━━━━━ Supplied material

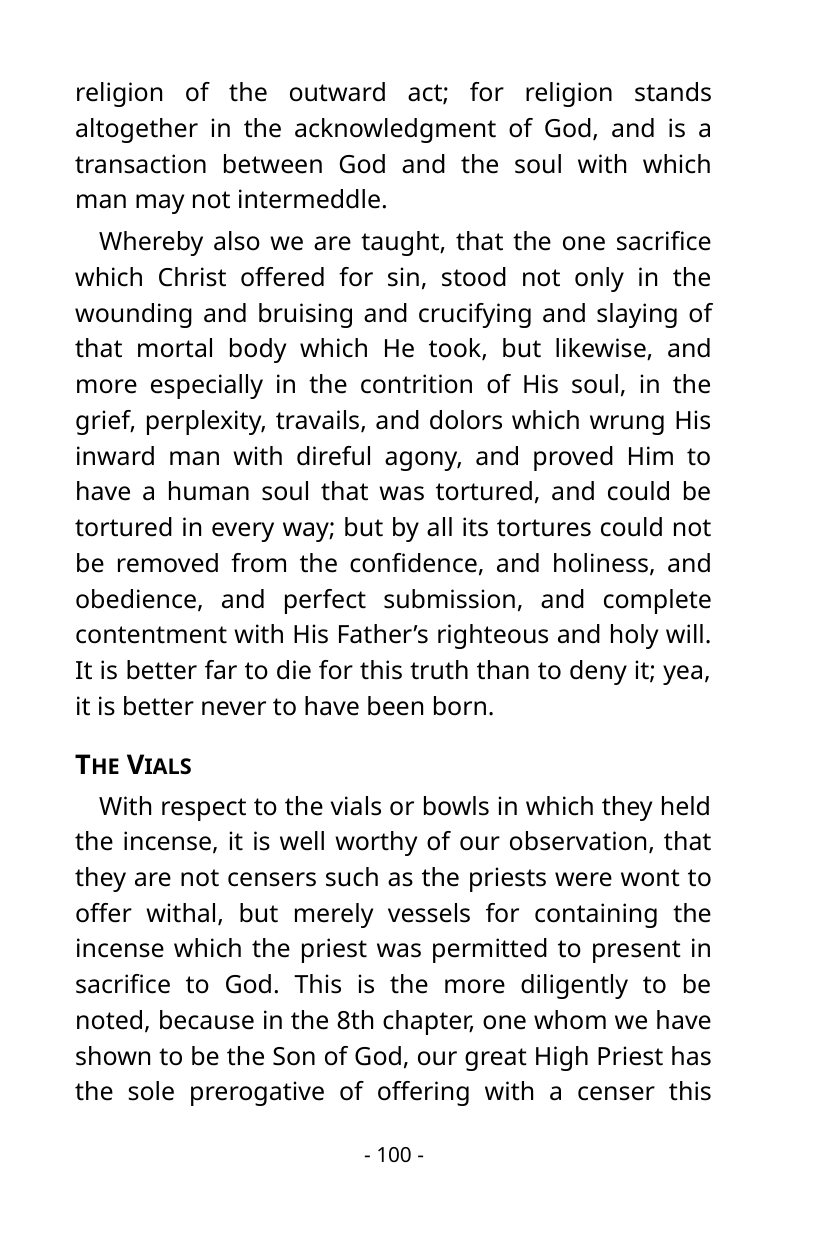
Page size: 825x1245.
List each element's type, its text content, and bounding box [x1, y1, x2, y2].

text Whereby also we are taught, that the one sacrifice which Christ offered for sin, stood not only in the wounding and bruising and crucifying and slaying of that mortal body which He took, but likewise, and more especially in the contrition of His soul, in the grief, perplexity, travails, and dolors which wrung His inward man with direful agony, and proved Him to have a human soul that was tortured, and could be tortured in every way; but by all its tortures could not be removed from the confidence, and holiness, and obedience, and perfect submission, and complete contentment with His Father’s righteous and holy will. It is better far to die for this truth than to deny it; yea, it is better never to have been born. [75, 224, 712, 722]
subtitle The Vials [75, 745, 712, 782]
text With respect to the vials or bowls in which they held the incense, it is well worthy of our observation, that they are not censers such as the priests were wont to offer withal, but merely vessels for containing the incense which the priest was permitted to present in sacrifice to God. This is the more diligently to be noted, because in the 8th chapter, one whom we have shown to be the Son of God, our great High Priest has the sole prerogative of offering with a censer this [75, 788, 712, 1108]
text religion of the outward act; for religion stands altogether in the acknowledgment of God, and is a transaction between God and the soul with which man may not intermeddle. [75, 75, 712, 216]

━━━━━━━━━━
━━━━━ Supplied material

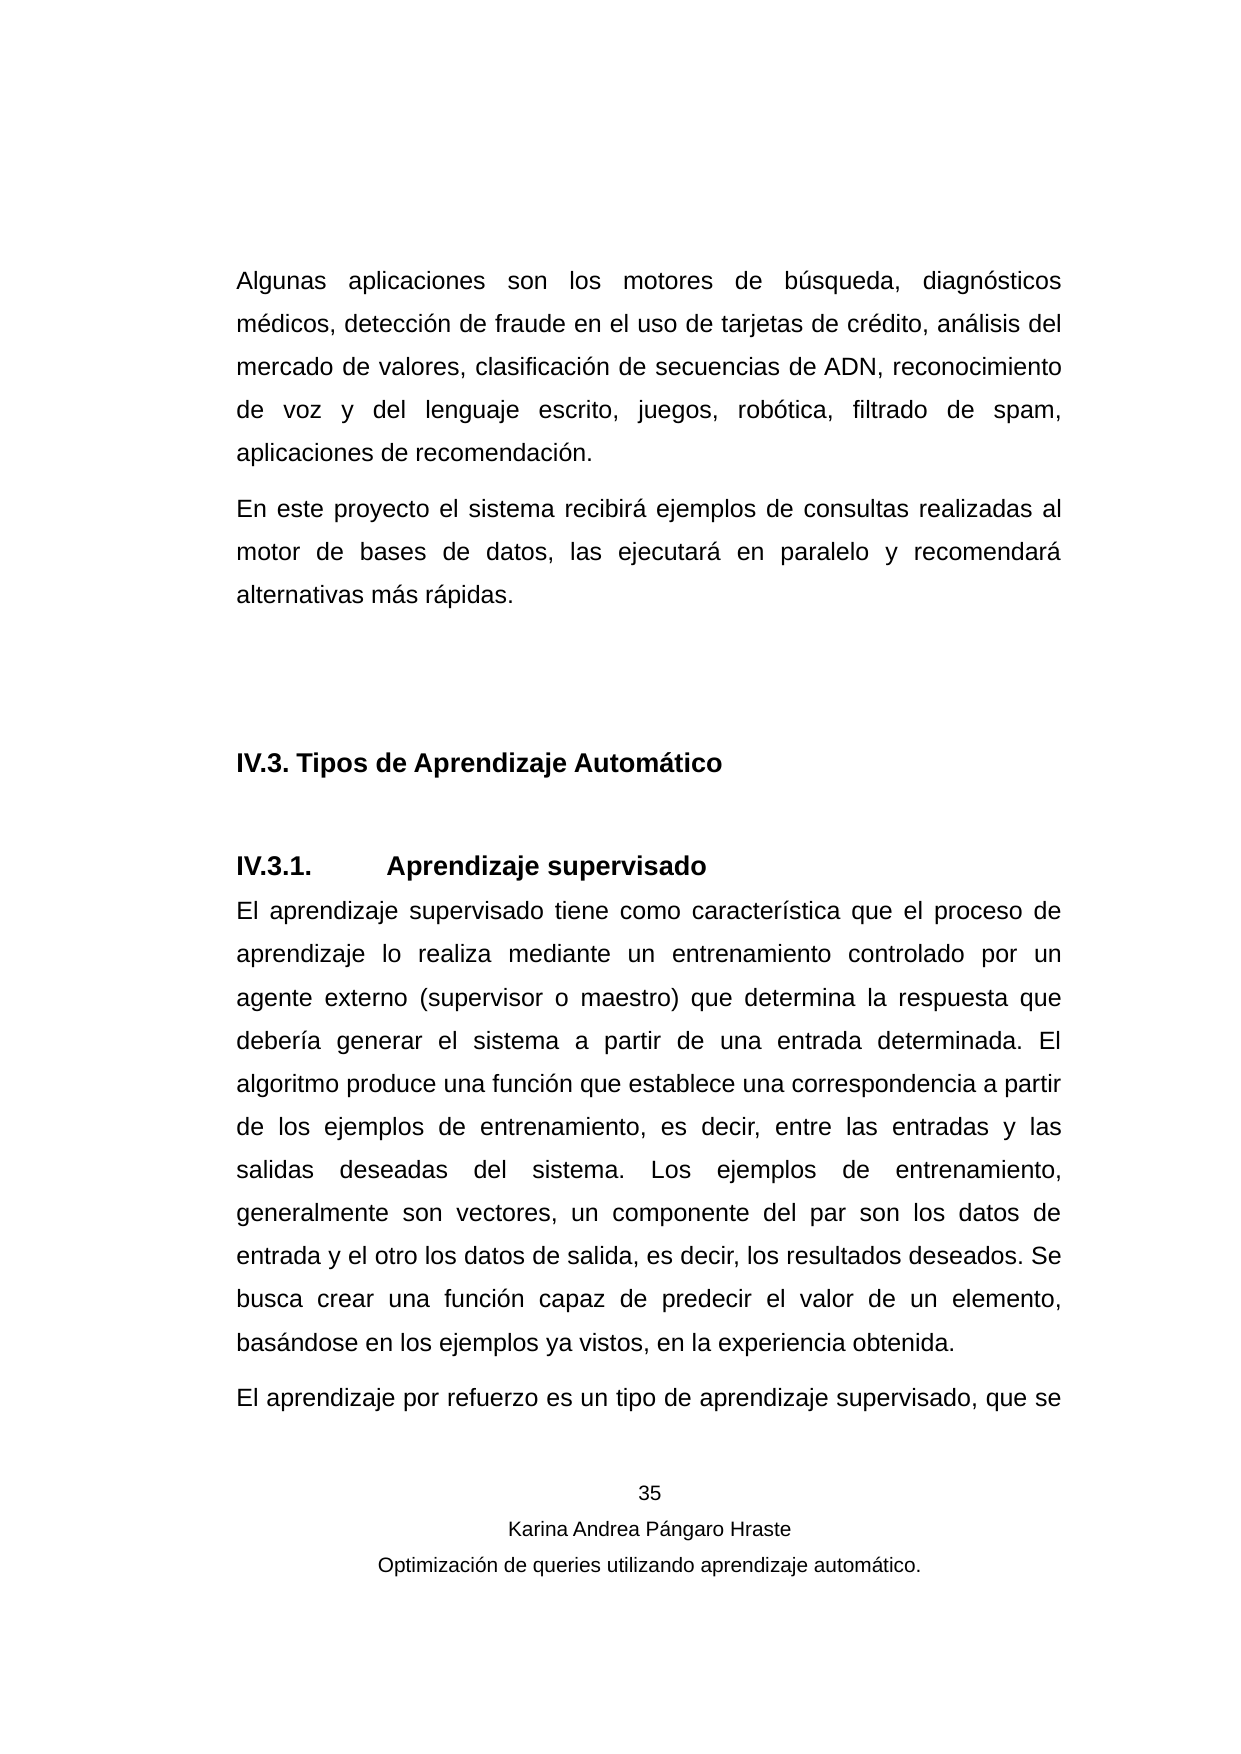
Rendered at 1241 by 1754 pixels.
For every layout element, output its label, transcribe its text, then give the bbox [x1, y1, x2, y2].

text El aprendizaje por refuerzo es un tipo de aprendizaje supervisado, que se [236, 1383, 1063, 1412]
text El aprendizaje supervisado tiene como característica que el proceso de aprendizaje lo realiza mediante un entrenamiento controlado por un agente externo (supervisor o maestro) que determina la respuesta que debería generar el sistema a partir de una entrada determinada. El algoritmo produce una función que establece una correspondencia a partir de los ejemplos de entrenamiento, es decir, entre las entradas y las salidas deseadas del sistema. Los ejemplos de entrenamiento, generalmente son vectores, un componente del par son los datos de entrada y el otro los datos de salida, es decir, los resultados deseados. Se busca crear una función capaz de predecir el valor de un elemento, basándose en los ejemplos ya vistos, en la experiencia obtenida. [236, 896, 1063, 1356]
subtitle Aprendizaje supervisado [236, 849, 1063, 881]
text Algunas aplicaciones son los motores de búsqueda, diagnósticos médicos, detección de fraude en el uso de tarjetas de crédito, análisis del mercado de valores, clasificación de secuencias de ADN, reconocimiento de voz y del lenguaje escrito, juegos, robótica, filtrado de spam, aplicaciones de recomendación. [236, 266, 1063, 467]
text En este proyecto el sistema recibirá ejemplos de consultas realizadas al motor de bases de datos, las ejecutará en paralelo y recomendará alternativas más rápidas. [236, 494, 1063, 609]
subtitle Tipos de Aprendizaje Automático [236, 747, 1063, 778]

━━━━━━━━━━

— Task description —
Wherever the string "soul" appears in the data above, copy the line it sits in.

— Exercise result —
text Whereby also we are taught, that the one sacrifice which Christ offered for sin, stood not only in the wounding and bruising and crucifying and slaying of that mortal body which He took, but likewise, and more especially in the contrition of His soul, in the grief, perplexity, travails, and dolors which wrung His inward man with direful agony, and proved Him to have a human soul that was tortured, and could be tortured in every way; but by all its tortures could not be removed from the confidence, and holiness, and obedience, and perfect submission, and complete contentment with His Father’s righteous and holy will. It is better far to die for this truth than to deny it; yea, it is better never to have been born. [75, 224, 712, 722]
text religion of the outward act; for religion stands altogether in the acknowledgment of God, and is a transaction between God and the soul with which man may not intermeddle. [75, 75, 712, 216]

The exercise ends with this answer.